MF Global Holdings won final approval of its plan to repay creditors, paving the way for the eighth-largest bankruptcy in US history to wind down under court protection.
US bankruptcy judge Martin Glenn in Manhattan yesterday overruled remaining objections to the plan. An outline of its terms was filed in January, and most major objections, including one from JP Morgan Chase, were resolved before the hearing.
Glenn's ruling came a day after the holding company's trustee, Louis Freeh, published a report that said former chief executive Jon Corzine and others mismanaged the company and failed to fix risk controls, leading to its demise.

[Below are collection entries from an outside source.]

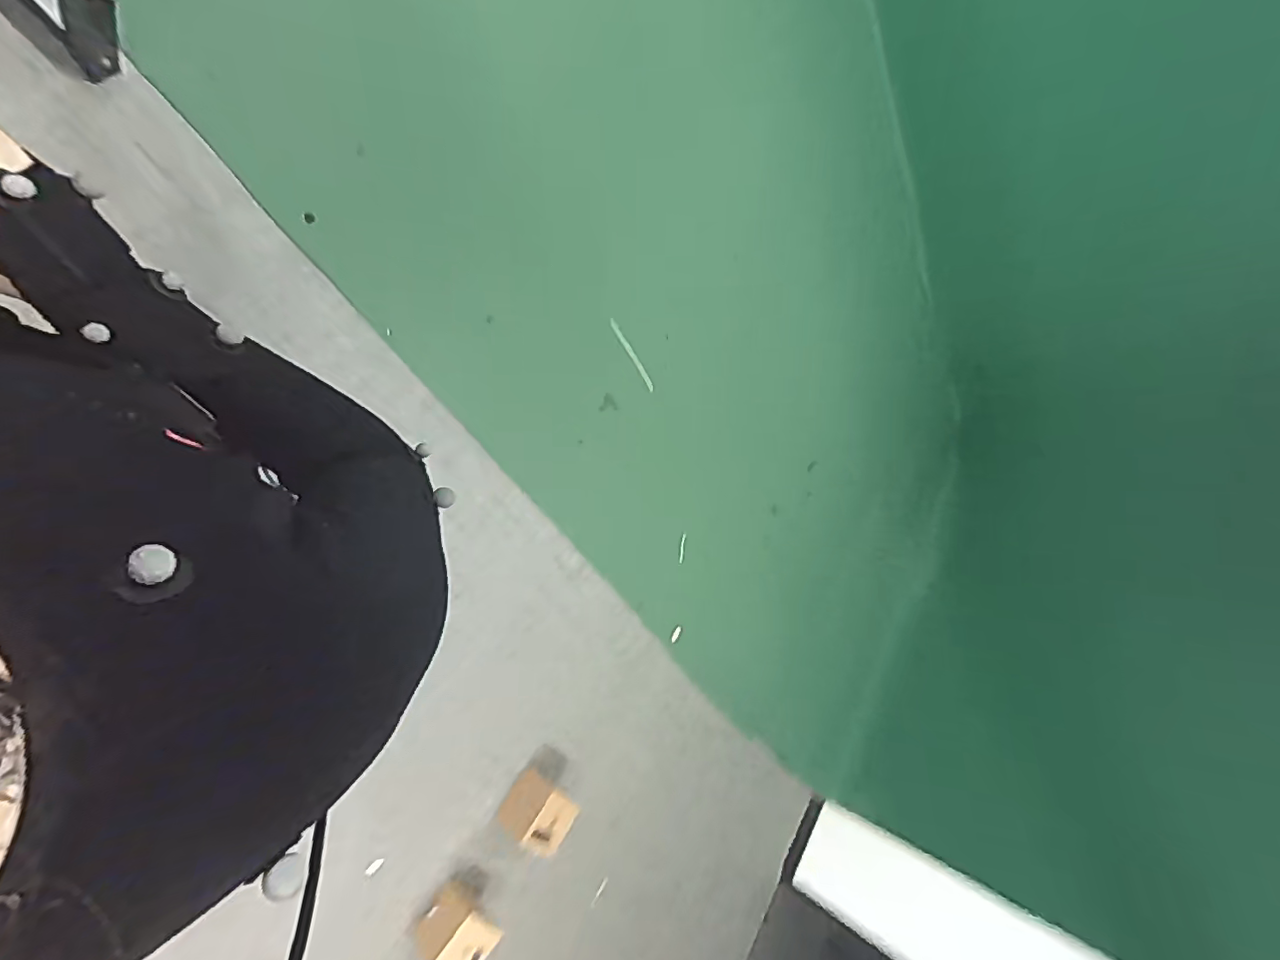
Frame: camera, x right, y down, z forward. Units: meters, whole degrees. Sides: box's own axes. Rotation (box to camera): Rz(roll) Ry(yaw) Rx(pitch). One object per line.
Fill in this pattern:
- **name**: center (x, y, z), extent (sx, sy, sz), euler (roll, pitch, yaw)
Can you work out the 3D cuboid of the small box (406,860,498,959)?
- **small box**: center (-0.581, 1.327, 1.670), extent (0.168, 0.176, 0.179), euler (-47, 124, -27)
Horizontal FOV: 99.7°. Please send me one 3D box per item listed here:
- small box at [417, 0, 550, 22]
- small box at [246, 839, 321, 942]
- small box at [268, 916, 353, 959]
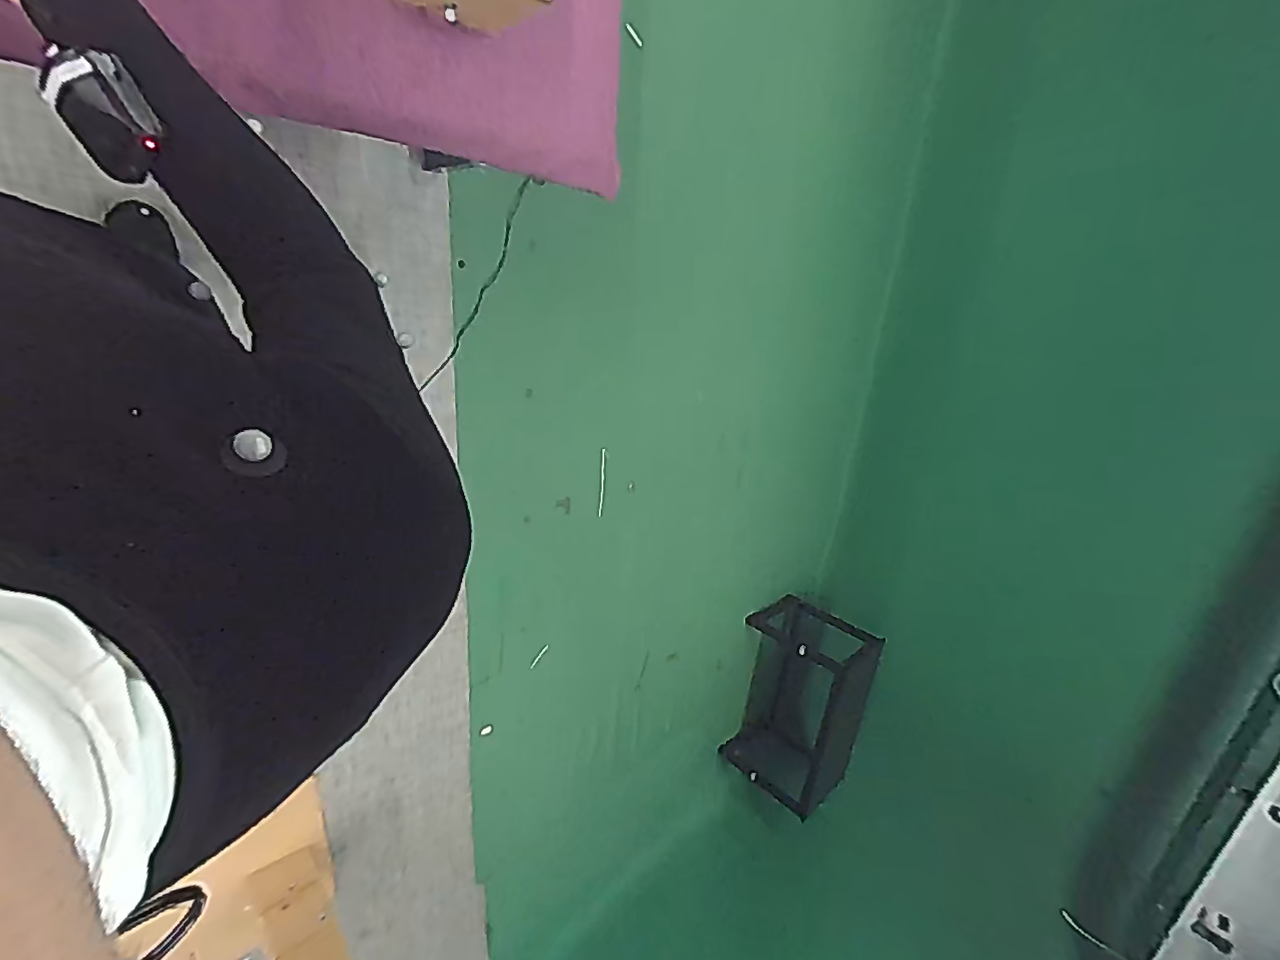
[{"bbox_3d":[-0.234,-0.737,0.707,0.179,0.176,0.168,-17,119,-41],"label":"small box"},{"bbox_3d":[-1.178,1.346,1.789,0.179,0.176,0.168,-8,114,-43],"label":"small box"},{"bbox_3d":[-0.955,1.432,1.564,0.179,0.176,0.168,-6,111,-44],"label":"small box"}]
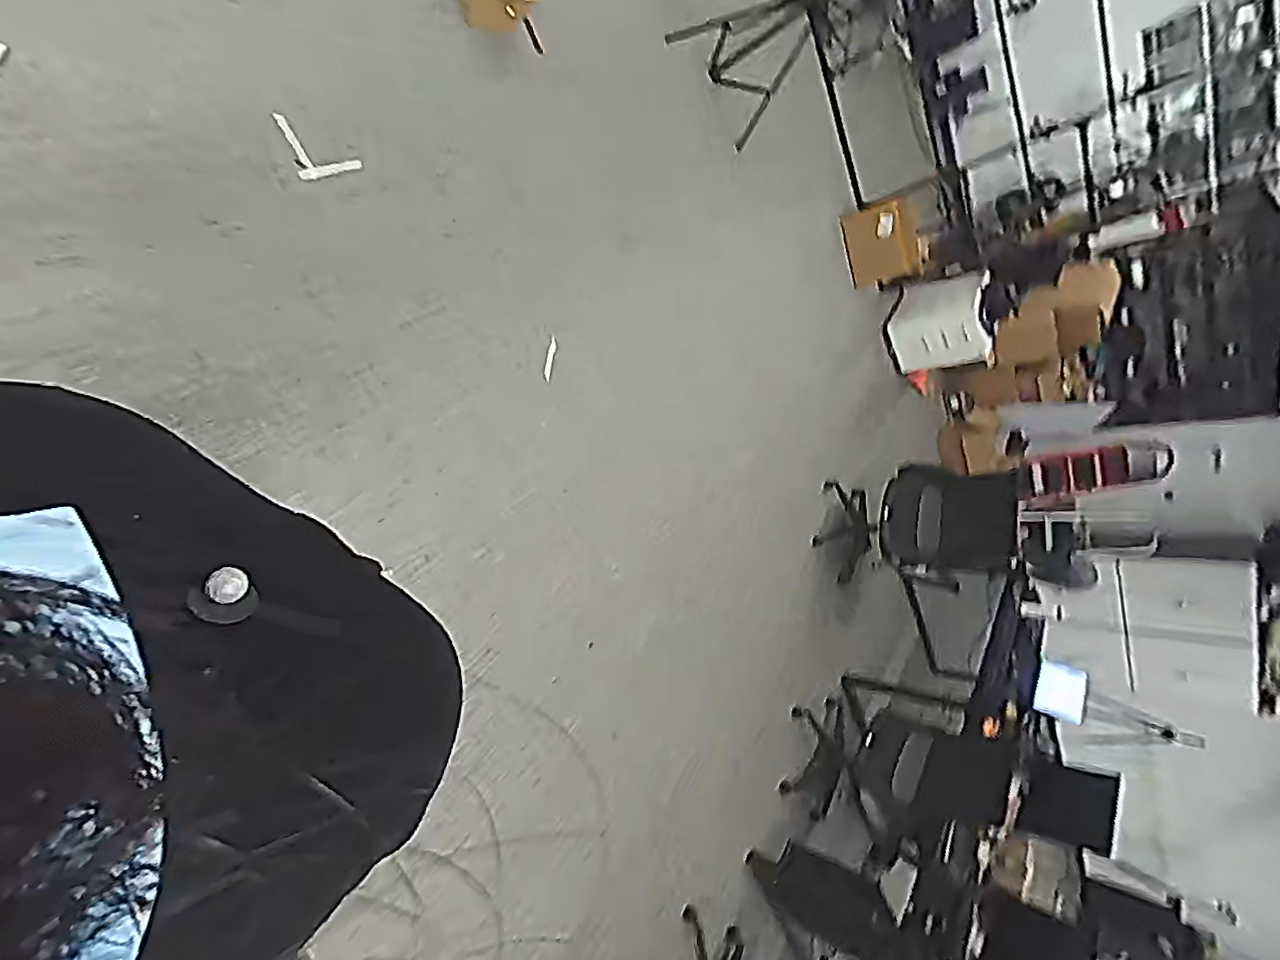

The parent company of brokerage MF Global filed for bankruptcy on October 31, 2011, after a wrong-way US$6.3 billion trade on its own behalf on bonds of some of Europe's most indebted nations. The company, once run by former New Jersey governor and Goldman Sachs Group co-chairman Corzine, listed assets of US$41 billion and debts of US$39.7 billion.
A major hurdle to the plan was overcome in March when a JP Morgan unit resolved a dispute over the plan's treatment of an intercompany settlement, which it said had not been negotiated at arm's length.
JP Morgan also reached a US$100 million settlement over the New York-based bank's conduct in the days before and after the brokerage's collapse. That agreement followed a year of talks and resolved claims against JP Morgan, one of the brokerage's primary banks and a repository for customer property.
Remaining objections were resolved or overruled at the hearing. Sapere Wealth Management, a former customer of the MF Global brokerage, had argued that customer claims should come ahead of other creditor claims. Glenn overruled the argument, saying it was resolved by an agreement between the holding company trustee and the trustee overseeing the brokerage's wind-down.
The US Trustee, an arm of the Justice Department that oversees bankruptcies, had said the plan should not pay lawyers' fees for creditors who initially proposed the plan. Glenn deferred the issue of fees.
The Trustee had also objected to what it said were overly broad protections for third parties against future lawsuits. The US Attorney for the Southern District of New York had joined in that objection. Both parties withdrew their objections after the wording of the plan was changed slightly to resolve their concerns.